■ GOAL OF THE EXERCISE: Below are records; extract exactly the lines from the one with "- highest level of CH1 (to 5 mV)" through the final line, including both, but drop the pictures.

·····

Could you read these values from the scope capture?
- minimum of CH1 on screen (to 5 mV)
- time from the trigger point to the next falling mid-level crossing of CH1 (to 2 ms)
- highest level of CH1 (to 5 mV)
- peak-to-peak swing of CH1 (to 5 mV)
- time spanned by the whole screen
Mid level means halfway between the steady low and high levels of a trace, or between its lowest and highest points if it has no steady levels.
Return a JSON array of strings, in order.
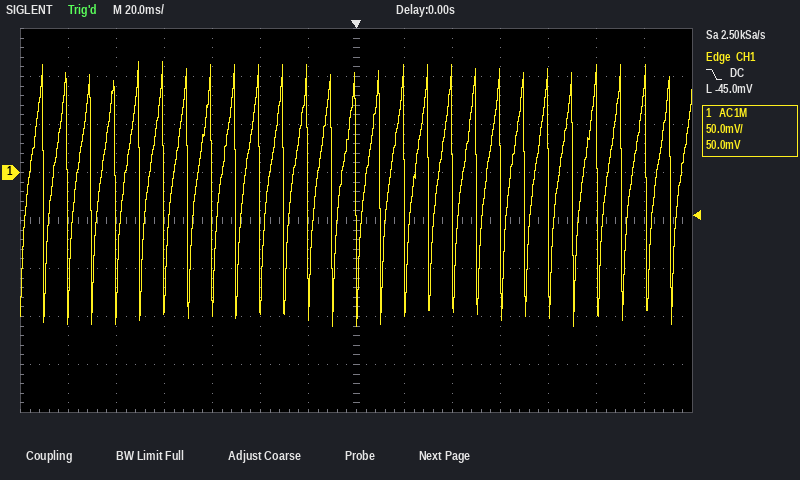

·····

■ ANSWER AREA:
- highest level of CH1 (to 5 mV)
- peak-to-peak swing of CH1 (to 5 mV)
- time spanned by the whole screen
Mid level means halfway between the steady low and high levels of a trace, or between its lowest and highest points if it has no steady levels.
Return a JSON array of strings, in order.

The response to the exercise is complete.